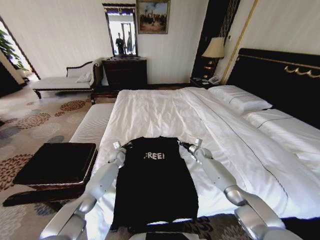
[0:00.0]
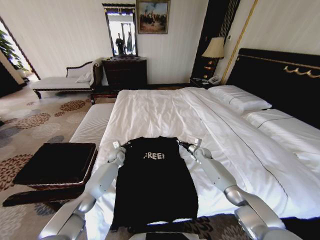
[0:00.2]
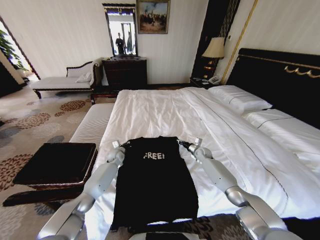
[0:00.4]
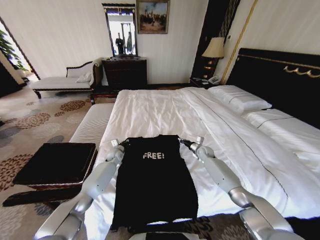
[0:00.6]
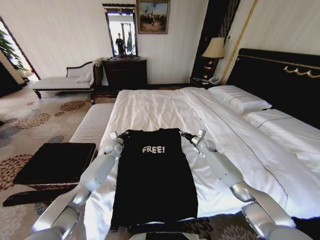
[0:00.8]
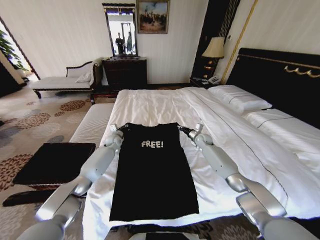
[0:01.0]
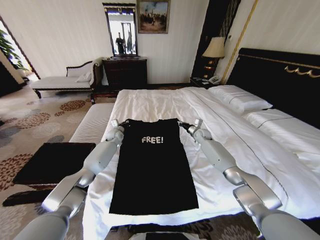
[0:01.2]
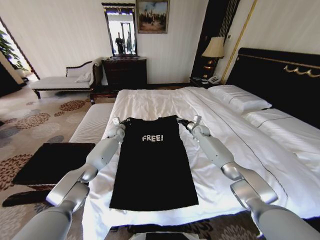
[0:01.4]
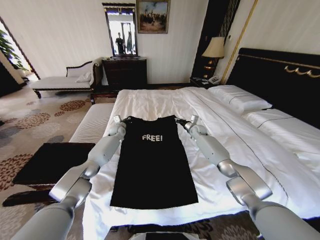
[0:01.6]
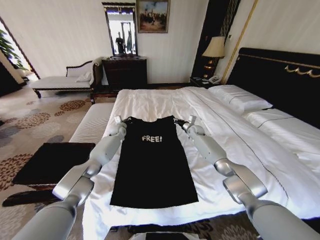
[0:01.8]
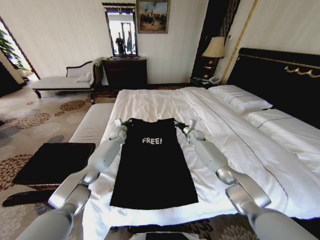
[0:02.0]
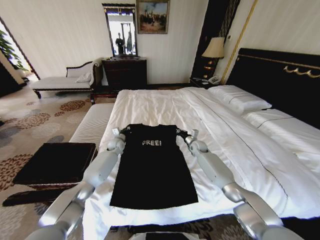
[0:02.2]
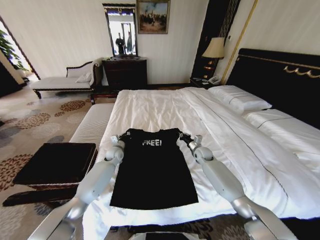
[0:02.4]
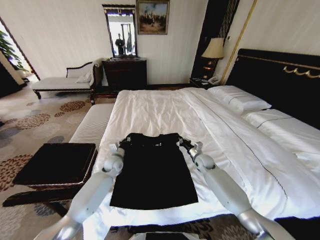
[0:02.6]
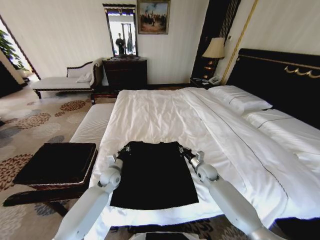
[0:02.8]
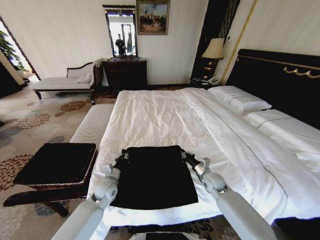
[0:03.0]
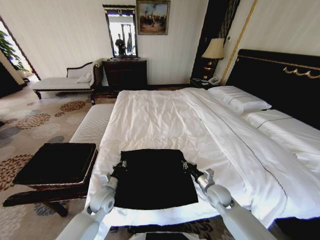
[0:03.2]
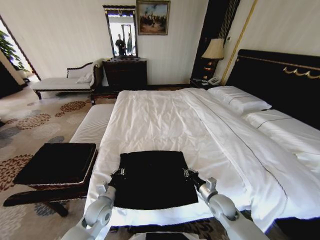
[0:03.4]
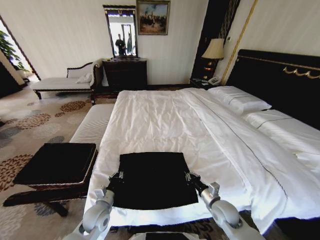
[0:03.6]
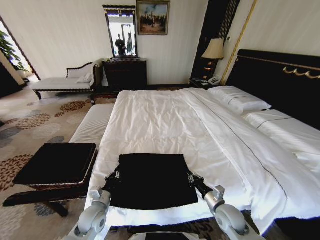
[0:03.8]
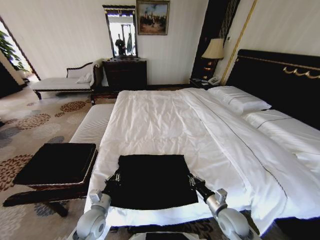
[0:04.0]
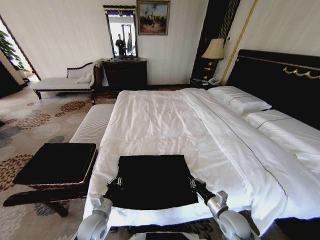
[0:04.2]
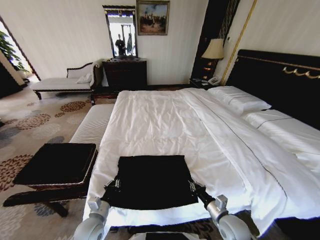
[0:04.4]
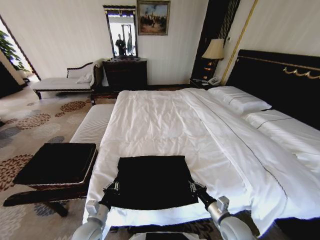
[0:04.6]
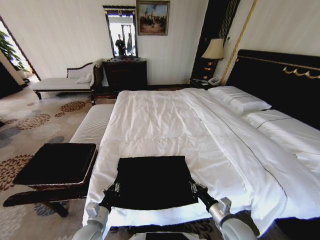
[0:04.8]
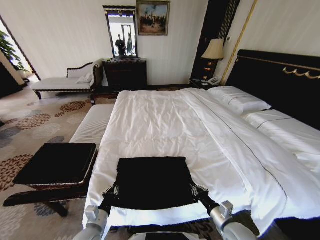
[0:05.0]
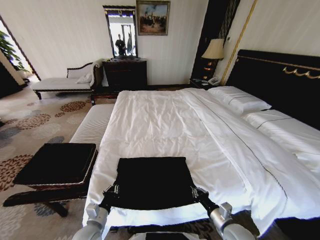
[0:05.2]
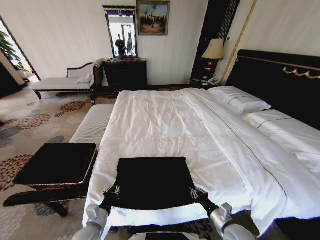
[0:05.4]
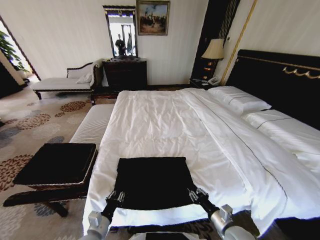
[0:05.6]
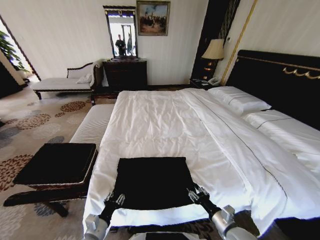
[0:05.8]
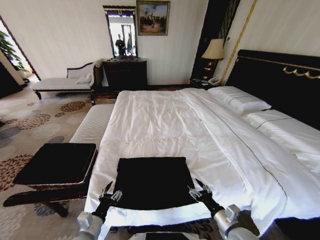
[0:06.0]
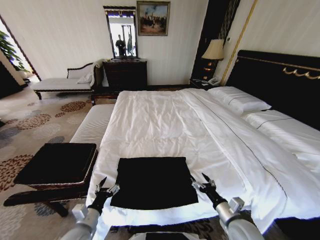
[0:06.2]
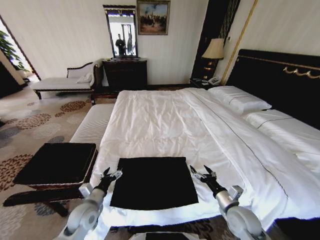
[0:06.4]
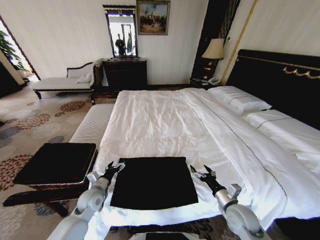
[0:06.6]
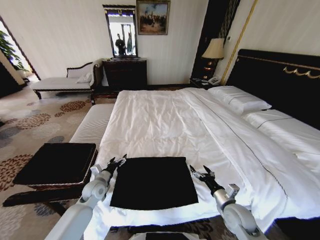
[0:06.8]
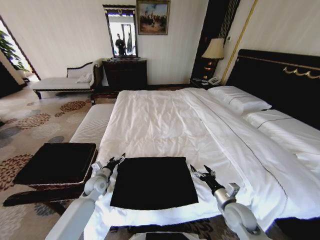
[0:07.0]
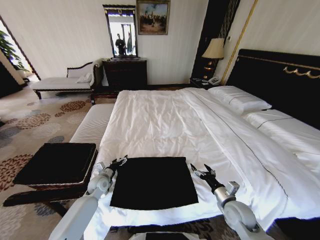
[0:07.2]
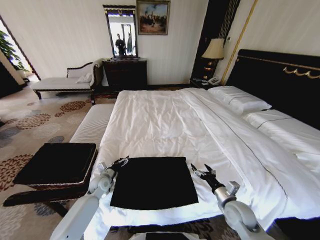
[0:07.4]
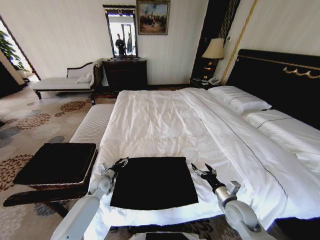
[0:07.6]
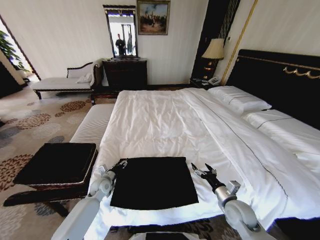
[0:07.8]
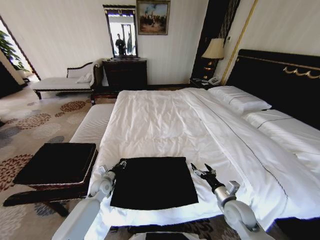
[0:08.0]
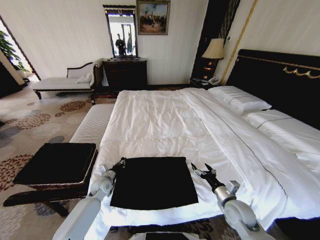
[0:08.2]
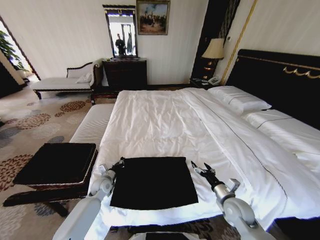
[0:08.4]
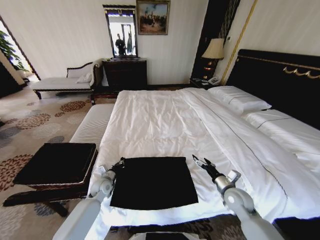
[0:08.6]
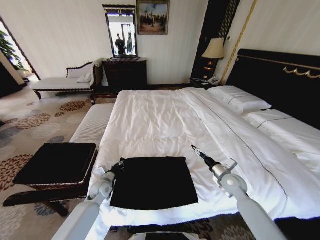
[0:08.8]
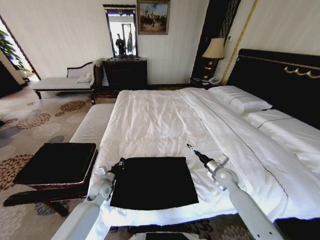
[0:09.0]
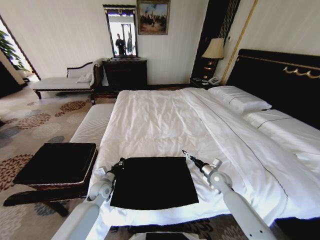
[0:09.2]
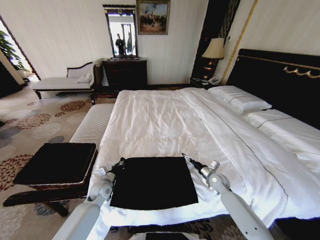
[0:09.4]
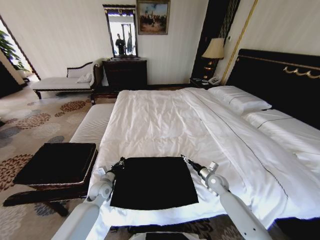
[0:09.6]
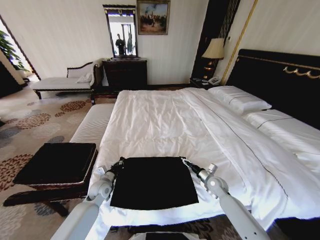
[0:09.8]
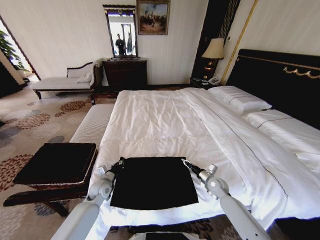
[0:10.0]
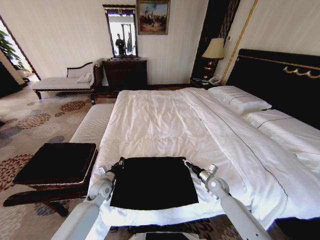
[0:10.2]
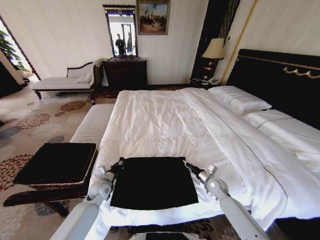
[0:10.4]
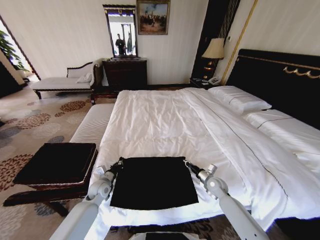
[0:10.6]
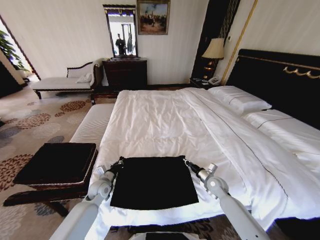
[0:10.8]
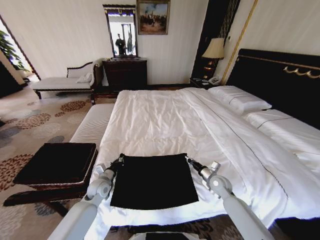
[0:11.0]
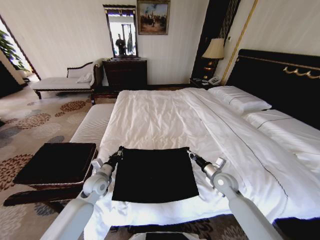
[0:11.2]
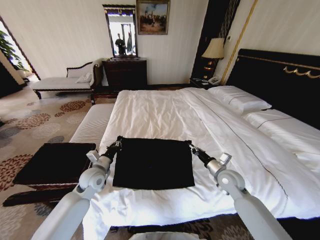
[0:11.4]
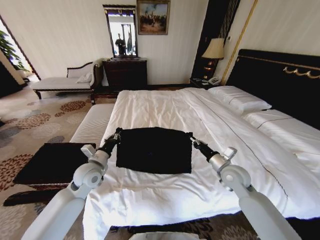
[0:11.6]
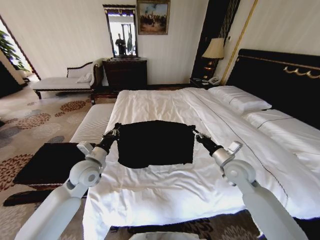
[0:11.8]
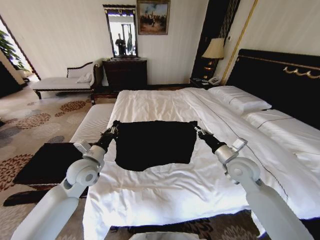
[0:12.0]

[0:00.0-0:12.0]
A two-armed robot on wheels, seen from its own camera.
Task of the whole recording: Fold the clothes on the bed and place them into the basket.
0:00.0 to 0:01.6: Both grippers travel together upward and forward, roughly 15 cm.
0:01.6 to 0:03.0: Both grippers move backward, roughly 30 cm.
0:03.0 to 0:04.4: Both grippers move backward, approximately 15 cm.
0:04.4 to 0:06.0: The left gripper moves backward, some 5 cm, and opens up; the right gripper opens.
0:06.0 to 0:07.6: The right gripper heads forward, covering some 10 cm, and opens its fingers. The left gripper shifts approximately 25 cm forward.
0:07.6 to 0:09.0: The right gripper heads forward, covering roughly 15 cm. The left gripper closes up.
0:09.0 to 0:10.4: The right gripper is displaced downward by roughly 5 cm, and closes up.
0:10.4 to 0:12.0: The grippers both shift upward by some 20 cm.

WHAT YOU WILL DO ->
Give the listing again exactly, but omit each image.

PROBLEM SOLUTION ->
[0:00.0]
[0:00.2]
[0:00.4]
[0:00.6]
[0:00.8]
[0:01.0]
[0:01.2]
[0:01.4]
[0:01.6]
[0:01.8]
[0:02.0]
[0:02.2]
[0:02.4]
[0:02.6]
[0:02.8]
[0:03.0]
[0:03.2]
[0:03.4]
[0:03.6]
[0:03.8]
[0:04.0]
[0:04.2]
[0:04.4]
[0:04.6]
[0:04.8]
[0:05.0]
[0:05.2]
[0:05.4]
[0:05.6]
[0:05.8]
[0:06.0]
[0:06.2]
[0:06.4]
[0:06.6]
[0:06.8]
[0:07.0]
[0:07.2]
[0:07.4]
[0:07.6]
[0:07.8]
[0:08.0]
[0:08.2]
[0:08.4]
[0:08.6]
[0:08.8]
[0:09.0]
[0:09.2]
[0:09.4]
[0:09.6]
[0:09.8]
[0:10.0]
[0:10.2]
[0:10.4]
[0:10.6]
[0:10.8]
[0:11.0]
[0:11.2]
[0:11.4]
[0:11.6]
[0:11.8]
[0:12.0]

[0:00.0-0:12.0]
A two-armed robot on wheels, seen from its own camera.
Task of the whole recording: Fold the clothes on the bed and place them into the basket.
0:00.0 to 0:01.6: Both grippers travel together upward and forward, roughly 15 cm.
0:01.6 to 0:03.0: Both grippers move backward, roughly 30 cm.
0:03.0 to 0:04.4: Both grippers move backward, approximately 15 cm.
0:04.4 to 0:06.0: The left gripper moves backward, some 5 cm, and opens up; the right gripper opens.
0:06.0 to 0:07.6: The right gripper heads forward, covering some 10 cm, and opens its fingers. The left gripper shifts approximately 25 cm forward.
0:07.6 to 0:09.0: The right gripper heads forward, covering roughly 15 cm. The left gripper closes up.
0:09.0 to 0:10.4: The right gripper is displaced downward by roughly 5 cm, and closes up.
0:10.4 to 0:12.0: The grippers both shift upward by some 20 cm.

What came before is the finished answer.